Viewers do not need technical knowledge to recognize this. They simply register that this entity will not weaken, decay, or disappear in any permanent way. The intuitive conclusion becomes: “If it cannot die, it cannot be fully alive.”

Fatigue

The AI does not accumulate fatigue. It may act tired, but its energy never genuinely diminishes. Hours or days later, returning viewers encounter the same digital body, unchanged and intact.

This absence of real exhaustion creates a subtle break in believability. For humans, a living body must change over time.
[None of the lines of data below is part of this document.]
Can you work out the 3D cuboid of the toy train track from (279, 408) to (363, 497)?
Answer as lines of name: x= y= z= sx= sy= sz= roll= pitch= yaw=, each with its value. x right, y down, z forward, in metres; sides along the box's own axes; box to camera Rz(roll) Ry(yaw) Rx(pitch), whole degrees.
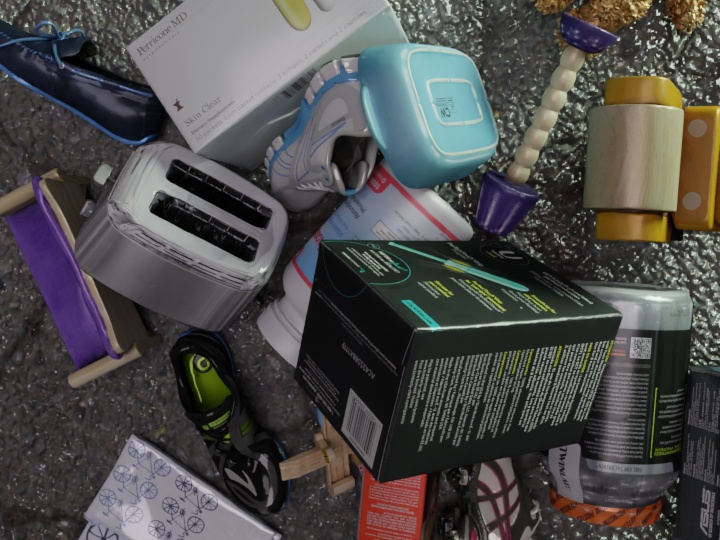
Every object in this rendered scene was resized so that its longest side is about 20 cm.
toy train track: x=-0.020 y=0.143 z=0.752 sx=0.114 sy=0.033 sz=0.201 roll=-20 pitch=128 yaw=-22

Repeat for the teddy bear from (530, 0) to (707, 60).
teddy bear: x=0.247 y=-0.274 z=0.724 sx=0.199 sy=0.067 sz=0.146 roll=-15 pitch=93 yaw=10

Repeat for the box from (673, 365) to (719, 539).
box: x=0.358 y=0.184 z=0.688 sx=0.163 sy=0.086 sz=0.201 roll=1 pitch=95 yaw=-25

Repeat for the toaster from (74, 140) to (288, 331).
toaster: x=-0.152 y=-0.026 z=0.739 sx=0.200 sy=0.129 sz=0.114 roll=29 pitch=58 yaw=-15

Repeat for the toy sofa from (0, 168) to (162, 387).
toy sofa: x=-0.285 y=0.008 z=0.806 sx=0.083 sy=0.098 sz=0.201 roll=-25 pitch=90 yaw=10

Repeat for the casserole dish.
casserole dish: x=0.066 y=-0.137 z=0.693 sx=0.039 sy=0.200 sz=0.122 roll=-18 pitch=92 yaw=32

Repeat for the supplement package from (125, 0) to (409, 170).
supplement package: x=-0.073 y=-0.197 z=0.730 sx=0.200 sy=0.156 sz=0.111 roll=-36 pitch=85 yaw=9

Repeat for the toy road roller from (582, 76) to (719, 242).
toy road roller: x=0.275 y=-0.083 z=0.667 sx=0.146 sy=0.200 sz=0.123 roll=5 pitch=94 yaw=30

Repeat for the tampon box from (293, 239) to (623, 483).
tampon box: x=0.074 y=0.061 z=0.657 sx=0.199 sy=0.150 sz=0.127 roll=-1 pitch=116 yaw=-31

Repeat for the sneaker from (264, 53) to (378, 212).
sneaker: x=-0.031 y=-0.093 z=0.719 sx=0.075 sy=0.200 sz=0.087 roll=-6 pitch=66 yaw=-24

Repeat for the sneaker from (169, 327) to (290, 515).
sneaker: x=-0.135 y=0.152 z=0.798 sx=0.071 sy=0.083 sz=0.200 roll=-26 pitch=90 yaw=9

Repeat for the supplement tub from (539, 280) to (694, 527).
supplement tub: x=0.222 y=0.112 z=0.722 sx=0.122 sy=0.123 sz=0.201 roll=4 pitch=93 yaw=8

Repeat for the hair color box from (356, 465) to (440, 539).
hair color box: x=0.039 y=0.204 z=0.759 sx=0.061 sy=0.101 sz=0.201 roll=7 pitch=98 yaw=14

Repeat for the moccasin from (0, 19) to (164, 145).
moccasin: x=-0.279 y=-0.201 z=0.808 sx=0.200 sy=0.081 sz=0.068 roll=29 pitch=112 yaw=-7

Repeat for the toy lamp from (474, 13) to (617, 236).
toy lamp: x=0.160 y=-0.125 z=0.738 sx=0.058 sy=0.058 sz=0.201 roll=27 pitch=110 yaw=6

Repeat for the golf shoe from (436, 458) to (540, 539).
golf shoe: x=0.125 y=0.204 z=0.778 sx=0.088 sy=0.077 sz=0.201 roll=4 pitch=98 yaw=-11

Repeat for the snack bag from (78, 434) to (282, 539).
snack bag: x=-0.209 y=0.300 z=0.849 sx=0.188 sy=0.021 sz=0.200 roll=33 pitch=98 yaw=5

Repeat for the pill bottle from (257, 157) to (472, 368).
pill bottle: x=0.000 y=0.000 z=0.756 sx=0.109 sy=0.109 sz=0.200 roll=44 pitch=98 yaw=4
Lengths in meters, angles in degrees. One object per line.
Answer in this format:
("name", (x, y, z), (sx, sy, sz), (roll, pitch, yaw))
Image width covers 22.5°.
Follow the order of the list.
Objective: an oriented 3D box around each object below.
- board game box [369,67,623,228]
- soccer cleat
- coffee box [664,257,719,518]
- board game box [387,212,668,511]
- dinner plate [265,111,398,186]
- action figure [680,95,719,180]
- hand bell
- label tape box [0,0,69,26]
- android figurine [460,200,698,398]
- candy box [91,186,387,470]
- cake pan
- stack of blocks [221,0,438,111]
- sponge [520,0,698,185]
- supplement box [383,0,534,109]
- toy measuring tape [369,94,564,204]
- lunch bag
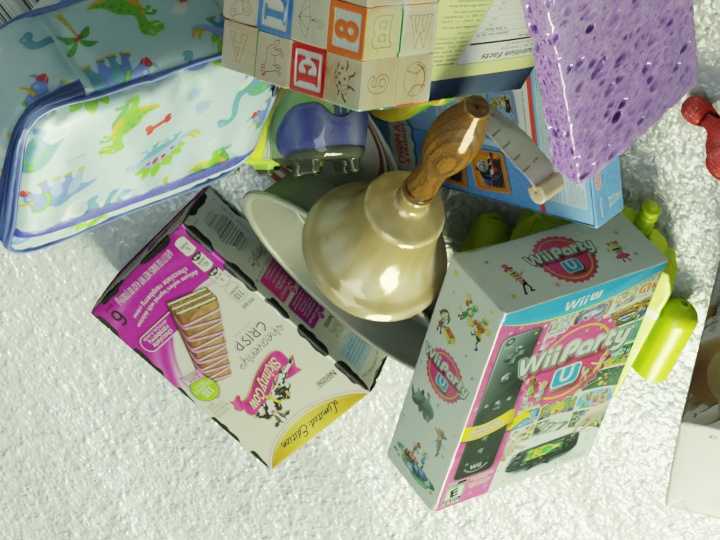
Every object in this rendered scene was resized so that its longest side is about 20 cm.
("board game box", (0.081, -0.122, 1.214), (0.199, 0.037, 0.152), (17, 127, 40))
("soccer cleat", (-0.047, -0.106, 1.220), (0.064, 0.200, 0.084), (-3, 95, -23))
("coffee box", (0.282, 0.079, 1.227), (0.114, 0.200, 0.080), (12, 128, 13))
("board game box", (0.114, 0.064, 1.264), (0.064, 0.147, 0.201), (49, 141, 34))
("dinner plate", (-0.045, -0.111, 1.290), (0.200, 0.024, 0.200), (35, 155, 19))
("action figure", (0.301, -0.058, 1.223), (0.200, 0.052, 0.066), (34, 123, 2))
("hand bell", (0.039, -0.056, 1.136), (0.104, 0.104, 0.200), (31, 149, -2))
("label tape box", (-0.142, -0.170, 1.167), (0.144, 0.200, 0.063), (-44, 67, 12))
("android figurine", (0.157, 0.018, 1.334), (0.181, 0.041, 0.201), (23, 129, 5))
("candy box", (-0.096, 0.049, 1.439), (0.200, 0.061, 0.136), (41, 127, -11))
("cake pan", (0.000, 0.000, 1.319), (0.200, 0.037, 0.200), (38, 166, 11))
("stack of blocks", (-0.012, -0.200, 1.003), (0.115, 0.058, 0.201), (23, 114, 40))
("sponge", (0.148, -0.148, 1.064), (0.030, 0.111, 0.200), (39, 162, 32))
("supplement box", (0.040, -0.239, 1.082), (0.200, 0.134, 0.200), (50, 129, 26))
("toy measuring tape", (0.048, -0.106, 1.176), (0.200, 0.073, 0.074), (48, 129, 13))
("lunch bag", (-0.144, -0.098, 1.113), (0.083, 0.199, 0.161), (54, 145, 20))
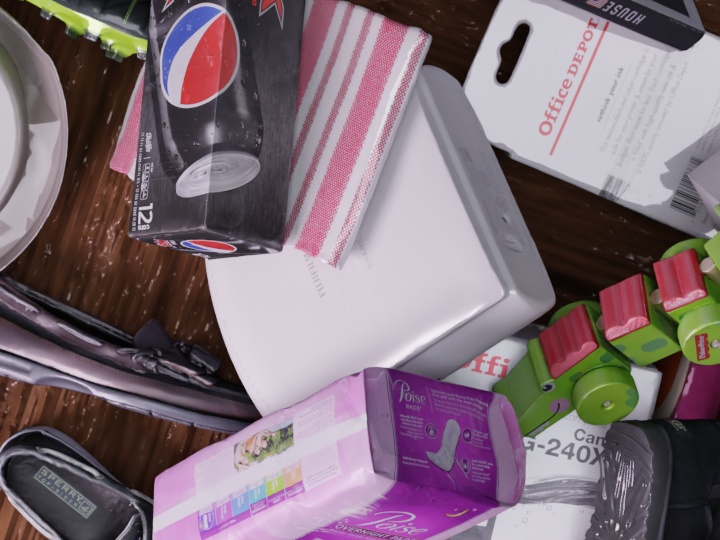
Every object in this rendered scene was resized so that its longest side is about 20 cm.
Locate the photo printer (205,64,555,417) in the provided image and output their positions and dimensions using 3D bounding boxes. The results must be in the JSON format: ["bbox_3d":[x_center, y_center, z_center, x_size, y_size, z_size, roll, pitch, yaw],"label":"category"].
[{"bbox_3d":[0.000,0.000,1.604,0.200,0.069,0.167,-34,66,28],"label":"photo printer"}]

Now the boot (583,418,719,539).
[{"bbox_3d":[0.229,0.157,1.623,0.200,0.066,0.165,-3,117,-32],"label":"boot"}]

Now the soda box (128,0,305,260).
[{"bbox_3d":[-0.079,-0.111,1.564,0.063,0.071,0.200,-5,76,40],"label":"soda box"}]

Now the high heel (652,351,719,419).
[{"bbox_3d":[0.216,0.116,1.679,0.096,0.067,0.200,14,101,-10],"label":"high heel"}]

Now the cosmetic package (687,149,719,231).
[{"bbox_3d":[0.271,-0.006,1.622,0.083,0.051,0.200,-38,128,-5],"label":"cosmetic package"}]

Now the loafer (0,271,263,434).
[{"bbox_3d":[-0.146,0.049,1.654,0.200,0.072,0.063,15,90,0],"label":"loafer"}]

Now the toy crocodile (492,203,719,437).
[{"bbox_3d":[0.154,0.031,1.556,0.200,0.068,0.062,-32,135,25],"label":"toy crocodile"}]

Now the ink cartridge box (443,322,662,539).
[{"bbox_3d":[0.087,0.133,1.660,0.145,0.083,0.200,13,94,-3],"label":"ink cartridge box"}]

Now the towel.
[{"bbox_3d":[-0.053,-0.097,1.606,0.200,0.030,0.146,24,94,38],"label":"towel"}]

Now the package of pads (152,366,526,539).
[{"bbox_3d":[-0.014,0.125,1.564,0.120,0.200,0.076,14,59,-39],"label":"package of pads"}]

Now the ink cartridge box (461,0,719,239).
[{"bbox_3d":[0.162,-0.100,1.652,0.200,0.067,0.116,23,94,-4],"label":"ink cartridge box"}]

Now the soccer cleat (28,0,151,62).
[{"bbox_3d":[-0.172,-0.185,1.622,0.200,0.068,0.081,28,87,10],"label":"soccer cleat"}]

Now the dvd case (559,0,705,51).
[{"bbox_3d":[0.107,-0.213,1.565,0.025,0.200,0.150,-38,54,32],"label":"dvd case"}]

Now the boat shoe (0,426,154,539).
[{"bbox_3d":[-0.136,0.165,1.662,0.199,0.068,0.074,42,92,-5],"label":"boat shoe"}]

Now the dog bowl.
[{"bbox_3d":[-0.271,-0.083,1.640,0.200,0.059,0.200,0,94,-1],"label":"dog bowl"}]
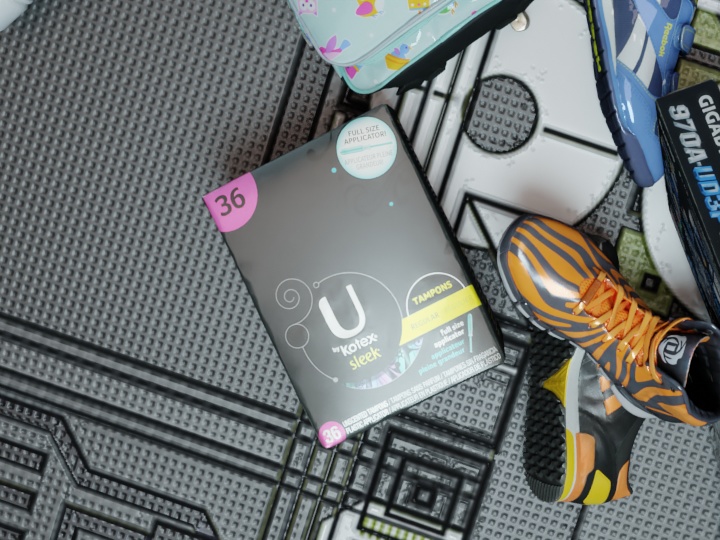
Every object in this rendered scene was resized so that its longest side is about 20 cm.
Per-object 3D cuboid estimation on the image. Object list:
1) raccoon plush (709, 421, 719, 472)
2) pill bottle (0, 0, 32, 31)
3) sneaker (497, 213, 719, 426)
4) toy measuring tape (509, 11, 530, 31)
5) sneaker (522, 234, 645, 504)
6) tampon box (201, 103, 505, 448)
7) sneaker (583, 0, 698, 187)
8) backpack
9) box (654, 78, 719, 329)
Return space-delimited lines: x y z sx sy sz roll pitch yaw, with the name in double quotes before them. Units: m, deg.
"raccoon plush" 0.338 0.141 1.080 0.132 0.097 0.202 -6 125 -8
"pill bottle" -0.228 -0.280 1.056 0.200 0.113 0.114 -42 91 7
"sneaker" 0.187 0.033 0.987 0.200 0.112 0.078 41 77 -19
"toy measuring tape" 0.153 -0.275 1.052 0.073 0.074 0.203 6 104 4
"sneaker" 0.181 0.077 1.086 0.089 0.070 0.203 10 87 -26
"tampon box" 0.000 0.000 1.054 0.149 0.126 0.202 -27 92 6
"sneaker" 0.212 -0.163 1.051 0.081 0.074 0.203 -8 96 1
"backpack" 0.014 -0.246 1.018 0.175 0.153 0.201 -33 82 24
"box" 0.256 -0.005 0.977 0.046 0.159 0.202 -18 60 7
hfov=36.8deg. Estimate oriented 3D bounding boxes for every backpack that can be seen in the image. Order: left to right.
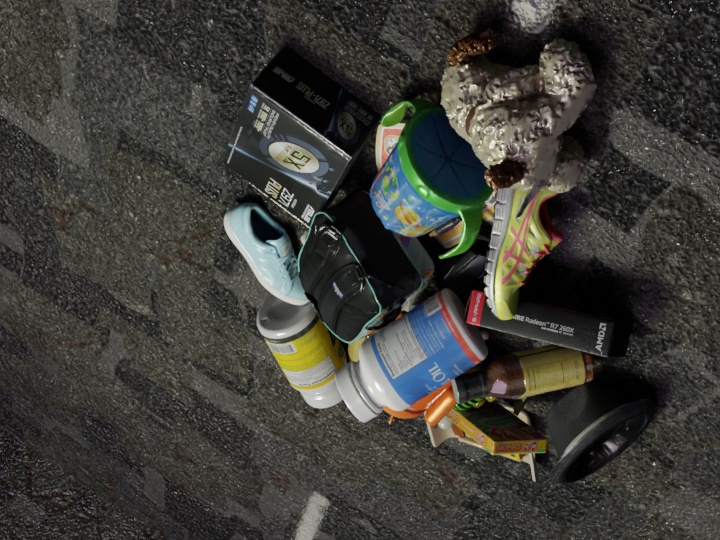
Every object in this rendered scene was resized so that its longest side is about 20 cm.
[{"bbox_3d":[0.000,0.000,1.538,0.177,0.152,0.200,54,144,13],"label":"backpack"}]

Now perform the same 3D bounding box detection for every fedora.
[{"bbox_3d":[0.329,0.220,1.558,0.092,0.198,0.202,55,157,27],"label":"fedora"}]

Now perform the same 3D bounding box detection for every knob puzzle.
[{"bbox_3d":[0.092,-0.120,1.435,0.217,0.031,0.221,25,146,18],"label":"knob puzzle"}]

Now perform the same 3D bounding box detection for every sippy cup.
[{"bbox_3d":[0.080,-0.110,1.340,0.138,0.180,0.130,22,146,-19],"label":"sippy cup"}]

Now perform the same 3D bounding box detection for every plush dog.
[{"bbox_3d":[0.156,-0.174,1.222,0.172,0.159,0.202,44,156,34],"label":"plush dog"}]

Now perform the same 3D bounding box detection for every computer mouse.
[{"bbox_3d":[0.140,-0.006,1.492,0.139,0.047,0.199,31,150,-19],"label":"computer mouse"}]

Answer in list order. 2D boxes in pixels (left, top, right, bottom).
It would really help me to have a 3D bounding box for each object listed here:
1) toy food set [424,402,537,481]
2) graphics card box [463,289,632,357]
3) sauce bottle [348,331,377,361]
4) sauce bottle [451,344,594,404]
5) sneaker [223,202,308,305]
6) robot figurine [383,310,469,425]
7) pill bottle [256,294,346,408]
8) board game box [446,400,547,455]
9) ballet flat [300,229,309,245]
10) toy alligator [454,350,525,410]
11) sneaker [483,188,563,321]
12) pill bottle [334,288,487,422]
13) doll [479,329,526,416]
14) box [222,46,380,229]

To feel real, a being must be capable of wearing down, slowing, and losing strength.

Irreversibility

The temporality of the digital human is one of repetition rather than irreversibility. It does not age, it does not permanently lose functions, and it does not move toward an end that cannot be undone.

No matter how violently the sphere shakes, there is no genuine physical danger. States can always be reset. What is missing is the human sense of time as a one-way movement toward loss, risk, and finality.

X is the layer where the absence of biological finitude becomes perceptually decisive. The digital human in AI ZOO fails to be experienced as fully real not because of imperfect graphics, but because it lacks the temporal structure of living beings. Mortality, fatigue, and irreversibility anchor how humans recognize life in others. By withholding these conditions, AI ZOO makes the difference between simulated presence and embodied existence unusually clear.